We work with, and talk to, many users focusing on images and videos (visual data) based analytics. Given that we have been working on vector search and classification for a few years now in the context of finding similar items for visual recommendations, and vector classification with our smart retail and e-commerce customers, we thought it would be interesting to understand what vector databases offer in the context of computer vision use cases, and evaluate them from the perspective of what is needed to simplify visual data pipelines for data scientists and engineers.
Use Cases Based on Visual Embeddings
This article does a great job summarizing what vector embeddings are and how they can be constructed for various types of data like text, and images. For this blog, let’s focus on visual embeddings or embeddings derived from images or videos.
Figure 1: An example of visual embedding would be the 256 or 128 dimensional feature vector extracted from an example model
A visual embedding or feature vector is a lower-dimensional representation of the image or video, typically a series of numbers taken from some of the last layers of a model used for inference. Basically, it is a vector of numbers which can be used for many tasks such as similarity search or classification to recognize items using content in images or videos rather than external keywords or labels as shown in Figure 1. While that sounds really cool to not need keywords or labels, in reality, the queries almost always require a combination of two or three of these search modalities as we will see from some representative use cases outlined below.

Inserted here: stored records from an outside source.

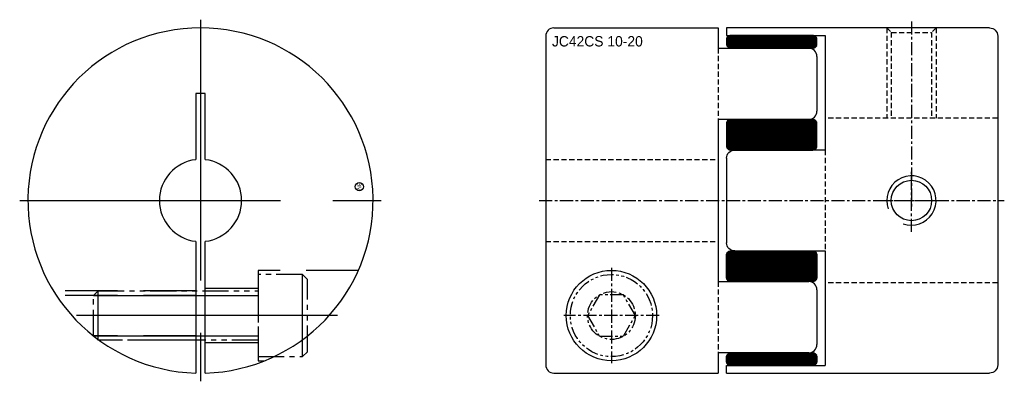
# Model space of a CAD drawing. Extents: x -85 to 98, y -22 to 22.
# Tile 1 of 2: x -85 to 35, y -22 to 22. Entities that reach past the tile are written whole.
import ezdxf
from ezdxf.enums import TextEntityAlignment as Align

# ---------------------------------------------------------------- set-up
doc = ezdxf.new("R2010")
doc.units = 0
doc.header["$MEASUREMENT"] = 0
for name, pattern in [('CENTER', [50.8, 31.75, -6.35, 6.35, -6.35]), ('HIDDEN', [9.525, 6.35, -3.175]), ('PHANTOM', [63.5, 31.75, -6.35, 6.35, -6.35, 6.35, -6.35])]:
    doc.linetypes.add(name, pattern=pattern)
doc.layers.get('0').update_dxf_attribs({"linetype": 'CONTINUOUS'})
for name, color, linetype in [('BOM', 6, 'CONTINUOUS'), ('CENTER', 1, 'CENTER'), ('HIDDEN', 2, 'HIDDEN'), ('PHANTOM', 6, 'PHANTOM'), ('THIN', 3, 'CONTINUOUS')]:
    doc.layers.add(name, color=color, linetype=linetype)
pattern_1 = [(225, (-1.419458, -1.035035), (0.008838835, -0.008838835), []), (315, (-1.419458, -1.035035), (0.008838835, 0.008838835), [])]
pattern_2 = [(45, (1.419458, 1.035035), (-0.008838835, 0.008838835), []), (135, (1.419458, 1.035035), (-0.008838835, -0.008838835), [])]

# ---------------------------------------------------------------- blocks, each defined once
blk = doc.blocks.new('MCLBM2')
blk.add_circle((0, 0), 0.5)
blk.add_text('BM', height=0.5).set_placement((0, 0), align=Align.MIDDLE)
at = {"flags": 1}
for tag, p in [('NAME', (0, -1)), ('ENAME', (0, -2)), ('SPEC', (0, -3)), ('MATERIAL', (0, -4)), ('QTY', (0, -5)), ('WEIGHT', (0, -6)), ('PRICE', (0, -7)), ('REMARK', (0, -8)), ('USER1', (0, -9)), ('USER2', (0, -10)), ('USER3', (0, -11)), ('USER4', (0, -12)), ('USER5', (0, -13)), ('USER6', (0, -14))]:
    blk.add_attdef(tag, p, '', height=0.5, dxfattribs=at)

msp = doc.modelspace()

# ---------------------------------------------------------------- hatches: boundary and pattern name
at = {"layer": 'THIN'}
h = msp.add_hatch(dxfattribs=at)
h.set_pattern_fill('ANSI37', color=256, scale=0.1, style=0)
h.set_pattern_definition(pattern_2)
edge = h.paths.add_edge_path()
edge.add_line((1.5, 18.54), (11.5, 18.54))
edge.add_arc((11.5, 19.04), 0.5, 270, 360)
edge.add_line((12, 19.04), (12, 19.58))
edge.add_arc((11.5, 19.58), 0.5, 0, 90)
edge.add_line((11.5, 20.08), (1.5, 20.08))
edge.add_arc((1.5, 19.58), 0.5, 90, 180)
edge.add_line((1, 19.58), (1, 19.04))
edge.add_arc((1.5, 19.04), 0.5, 180, 270)
h = msp.add_hatch(dxfattribs=at)
h.set_pattern_fill('ANSI37', color=256, scale=0.1, style=0)
h.set_pattern_definition(pattern_2)
edge = h.paths.add_edge_path()
edge.add_line((1.5, 6.14), (11.5, 6.14))
edge.add_arc((11.5, 6.64), 0.5, 270, 360)
edge.add_line((12, 6.64), (12, 9.36))
edge.add_arc((11.5, 9.36), 0.5, 0, 90)
edge.add_line((11.5, 9.86), (1.5, 9.86))
edge.add_arc((1.5, 9.36), 0.5, 90, 180)
edge.add_line((1, 9.36), (1, 6.64))
edge.add_arc((1.5, 6.64), 0.5, 180, 270)
at = {"layer": 'THIN', "extrusion": (-2.99932e-32, -1.22461e-16, -1)}
h = msp.add_hatch(dxfattribs=at)
h.set_pattern_fill('ANSI37', color=256, scale=0.1, angle=180, style=0)
h.set_pattern_definition(pattern_1)
edge = h.paths.add_edge_path()
edge.add_line((-1.5, -6.14), (-11.5, -6.14))
edge.add_arc((-11.5, -6.64), 0.5, 450, 540)
edge.add_line((-12, -6.64), (-12, -9.36))
edge.add_arc((-11.5, -9.36), 0.5, 180, 270)
edge.add_line((-11.5, -9.86), (-1.5, -9.86))
edge.add_arc((-1.5, -9.36), 0.5, 270, 360)
edge.add_line((-1, -9.36), (-1, -6.64))
edge.add_arc((-1.5, -6.64), 0.5, 360, 450)
h = msp.add_hatch(dxfattribs=at)
h.set_pattern_fill('ANSI37', color=256, scale=0.1, angle=180, style=0)
h.set_pattern_definition(pattern_1)
edge = h.paths.add_edge_path()
edge.add_line((-1.5, -18.54), (-11.5, -18.54))
edge.add_arc((-11.5, -19.04), 0.5, 450, 540)
edge.add_line((-12, -19.04), (-12, -19.58))
edge.add_arc((-11.5, -19.58), 0.5, 180, 270)
edge.add_line((-11.5, -20.08), (-1.5, -20.08))
edge.add_arc((-1.5, -19.58), 0.5, 270, 360)
edge.add_line((-1, -19.58), (-1, -19.04))
edge.add_arc((-1.5, -19.04), 0.5, 360, 450)

# ---------------------------------------------------------------- linework, layer by layer
at = {"ltscale": 0.1}
for p, q in [((-20, 21), (0, 21)), ((0, 21), (0, 18.54)), ((-21, 20), (-21, -20)), ((0, 18.54), (11, 18.54)), ((12, 17.54), (12, 10.86)), ((11, 9.86), (0, 9.86)), ((0, 9.86), (0, -9.86)), ((0, -9.86), (11, -9.86)), ((12, -10.86), (12, -17.54)), ((11, -18.54), (0, -18.54)), ((0, -18.54), (0, -21)), ((-20, -21), (0, -21))]:
    msp.add_line(p, q, dxfattribs=at)
at = {"ltscale": 0.1, "extrusion": (1.22461e-16, -2.99932e-32, -1)}
for p, q in [((33, 21), (1, 21)), ((1, 21), (1, 20.08)), ((1, 20.08), (13, 20.08)), ((13, 20.08), (13, 6.14)), ((34, 20), (34, -20)), ((13, 6.14), (2, 6.14)), ((1, 5.14), (1, -5.14)), ((2, -6.14), (13, -6.14)), ((13, -6.14), (13, -20.08)), ((1, -20.08), (13, -20.08)), ((1, -21), (1, -20.08)), ((1, -21), (33, -21))]:
    msp.add_line(p, q, dxfattribs=at)
for p, q in [((-63.58, -4.97), (-63.58, -20.99)), ((-62.43, -20.99), (-62.43, -4.97))]:
    msp.add_line(p, q)
at = {"ltscale": 0.1}
for points in [[(1.5, 18.54), (11.5, 18.54, 0.414214), (12, 19.04), (12, 19.58, 0.414214), (11.5, 20.08), (1.5, 20.08, 0.414214), (1, 19.58), (1, 19.04, 0.414214)], [(1.5, 6.14), (11.5, 6.14, 0.414214), (12, 6.64), (12, 9.36, 0.414214), (11.5, 9.86), (1.5, 9.86, 0.414214), (1, 9.36), (1, 6.64, 0.414214)]]:
    msp.add_lwpolyline(points, format="xyb", close=True, dxfattribs=at)
msp.add_lwpolyline([(-62.43, 4.97), (-62.43, 13), (-63.58, 13), (-63.58, 4.97)])
at = {"ltscale": 0.1, "extrusion": (-2.99932e-32, -1.22461e-16, -1)}
for points in [[(-1.5, -6.14), (-11.5, -6.14, 0.414214), (-12, -6.64), (-12, -9.36, 0.414214), (-11.5, -9.86), (-1.5, -9.86, 0.414214), (-1, -9.36), (-1, -6.64, 0.414214)], [(-1.5, -18.54), (-11.5, -18.54, 0.414214), (-12, -19.04), (-12, -19.58, 0.414214), (-11.5, -20.08), (-1.5, -20.08, 0.414214), (-1, -19.58), (-1, -19.04, 0.414214)]]:
    msp.add_lwpolyline(points, format="xyb", close=True, dxfattribs=at)
at = {"ltscale": 0.1}
for centre, radius in [((23.5, 0), 2.46), ((-13, -14), 5.5)]:
    msp.add_circle(centre, radius, dxfattribs=at)
for radius, start, end in [(21, 271.569, 268.431), (5, 96.6036, 263.3964), (5, 276.6036, 83.3964)]:
    msp.add_arc((-63, 0), radius, start, end)
for centre, start, end in [((-20, 20), 90, 180), ((11, 17.54), 0, 90), ((11, 10.86), 270, 0), ((11, -10.86), 0, 90), ((11, -17.54), 270, 0), ((-20, -20), 180, 270)]:
    msp.add_arc(centre, 1, start, end, dxfattribs=at)
at = {"ltscale": 0.1, "extrusion": (1.22461e-16, -2.99932e-32, -1)}
for centre, start, end in [((-33, 20), 90, 180), ((-33, 20), 90, 180), ((-2, 5.14), 0, 90), ((-2, -5.14), 270, 0), ((-33, -20), 180, 270)]:
    msp.add_arc(centre, 1, start, end, dxfattribs=at)
at = {"layer": 'CENTER'}
for p, q in [((-63, 22), (-63, -22)), ((-85, 0), (-41, 0)), ((-46.35, -14), (-79.65, -14))]:
    msp.add_line(p, q, dxfattribs=at)
at = {"layer": 'CENTER', "ltscale": 0.05}
for p, q in [((23.5, 21.8), (23.5, -0.8)), ((23.5, -3.8), (23.5, 3.8)), ((-21.8, 0), (34.8, 0)), ((19.7, 0), (27.3, 0)), ((-13, -8.2), (-13, -19.8)), ((-7.2, -14), (-18.8, -14))]:
    msp.add_line(p, q, dxfattribs=at)
at = {"layer": 'HIDDEN', "ltscale": 0.1}
for p, q in [((20.5, 21), (20.5, 10)), ((20.5, 21), (21.04, 20.46)), ((21.04, 20.46), (25.96, 20.46)), ((21.04, 20.46), (21.04, 10)), ((26.5, 21), (25.96, 20.46)), ((25.96, 20.46), (25.96, 10)), ((26.5, 21), (26.5, 10)), ((0, 18.54), (0, 9.86)), ((34, 10), (13, 10)), ((-21, 5), (0, 5)), ((0, -9.86), (0, -18.54))]:
    msp.add_line(p, q, dxfattribs=at)
at = {"layer": 'HIDDEN', "ltscale": 0.1, "extrusion": (1.22461e-16, -2.99932e-32, -1)}
msp.add_line((13, 6.14), (13, -6.14), dxfattribs=at)
at = {"layer": 'HIDDEN', "ltscale": 0.1, "extrusion": (-2.99932e-32, -1.22461e-16, -1)}
for p, q in [((-21, -5), (0, -5)), ((34, -10), (13, -10))]:
    msp.add_line(p, q, dxfattribs=at)
at = {"layer": 'HIDDEN'}
for p, q in [((-56, -10.7), (-62.43, -10.7)), ((-63.58, -11), (-80.89, -11)), ((-63.58, -11.54), (-80.54, -11.54)), ((-63.58, -16.46), (-76.04, -16.46)), ((-63.58, -17), (-75.33, -17)), ((-56, -17.3), (-62.43, -17.3))]:
    msp.add_line(p, q, dxfattribs=at)
msp.add_lwpolyline([(-43.8, -8.5), (-56, -8.5), (-56, -19.5), (-55.21, -19.5)], dxfattribs=at)
at = {"layer": 'PHANTOM'}
for p, q in [((-50.6, -19), (-50.6, -9)), ((-76, -11.54), (-56, -11.54)), ((-75.46, -17), (-75.46, -11)), ((-76, -16.46), (-56, -16.46))]:
    msp.add_line(p, q, dxfattribs=at)
at = {"layer": 'PHANTOM', "ltscale": 0.1}
msp.add_lwpolyline([(-56, -19), (-50.6, -19), (-50, -18.4), (-50, -9.6), (-50.6, -9), (-56, -9)], close=True, dxfattribs=at)
msp.add_lwpolyline([(-56, -17), (-75.46, -17), (-76, -16.46), (-76, -11.54), (-75.46, -11), (-56, -11)], dxfattribs=at)
at = {"layer": 'PHANTOM', "ltscale": 0.05}
msp.add_lwpolyline([(-10.09, -14), (-11.55, -11.48), (-14.46, -11.48), (-15.91, -14), (-14.46, -16.52), (-11.55, -16.52)], close=True, dxfattribs=at)
for radius in [5, 2.91]:
    msp.add_circle((-13, -14), radius, dxfattribs=at)
at = {"layer": 'THIN', "ltscale": 0.1}
msp.add_arc((23.5, 0), 3, 250, 200, dxfattribs=at)

# ---------------------------------------------------------------- block references
at = {"layer": 'BOM', "rotation": 270}
msp.add_blockref('MCLBM2', (-43.68, 1.68), dxfattribs=at)

# ---------------------------------------------------------------- texts
msp.add_text('JC42CS 10-20', height=1.26).set_placement((-20.24, 18.74))

doc.saveas('drawing.dxf')

Sharing or Reusing Embeddings
We frequently encounter cases where our users have ways of extracting embeddings, but are missing efficient and scalable ways to index, reuse, and share them. One of the teams we work with described how their data scientists would query and download the image dataset, generate embeddings, and build an in-memory vector index each time they had to debug their visual recommendations, and eventually discard the index after solving the problem. If they could index those embeddings easily, the entire workflow would be as simple as running a query to use those embeddings rather than starting from building indexes each time they are needed. All such examples usually involve querying the dataset for a specific group of items (e.g. “shoes”), which can over time involve complex metadata queries. The ability to index and find embeddings can also simplify collaboration across teams since people can build on each other’s work more efficiently.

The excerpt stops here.